Supplied material:

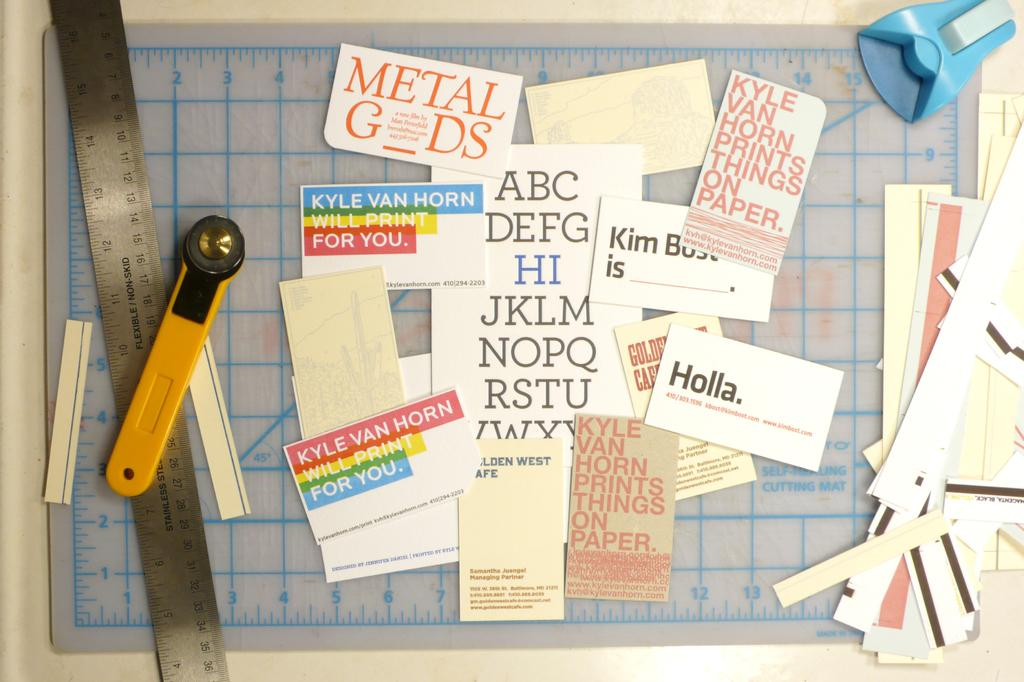<image>
Give a short and clear explanation of the subsequent image. A flexible/non-skid stainless steel ruler beside several business cards. 
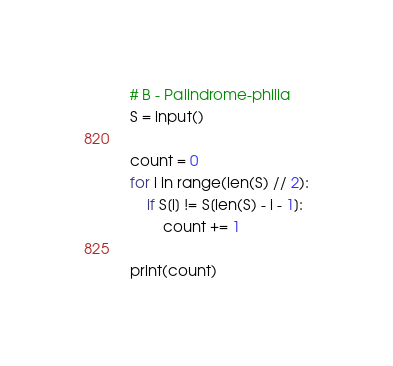<code> <loc_0><loc_0><loc_500><loc_500><_Python_># B - Palindrome-philia
S = input()

count = 0
for i in range(len(S) // 2):
    if S[i] != S[len(S) - i - 1]:
        count += 1

print(count)
</code> 
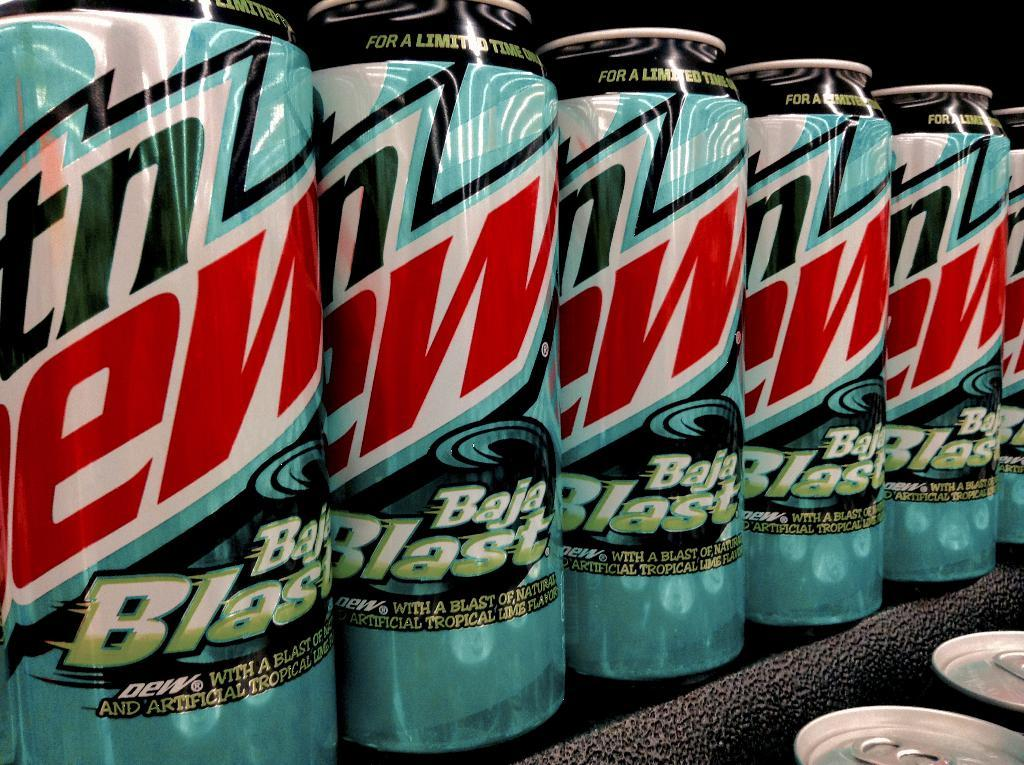Provide a one-sentence caption for the provided image. several cans of mountain dew on a shelf.

What you are asked to do: Extract, word for word, every line from the one holding "Give a short" through the closing line of the data above. Do not include any pictures.

Result of this task:
Give a short and clear explanation of the subsequent image. A flexible/non-skid stainless steel ruler beside several business cards. 
<code> <loc_0><loc_0><loc_500><loc_500><_Python_># B - Palindrome-philia
S = input()

count = 0
for i in range(len(S) // 2):
    if S[i] != S[len(S) - i - 1]:
        count += 1

print(count)
</code> 
Provide a one-sentence caption for the provided image. several cans of mountain dew on a shelf.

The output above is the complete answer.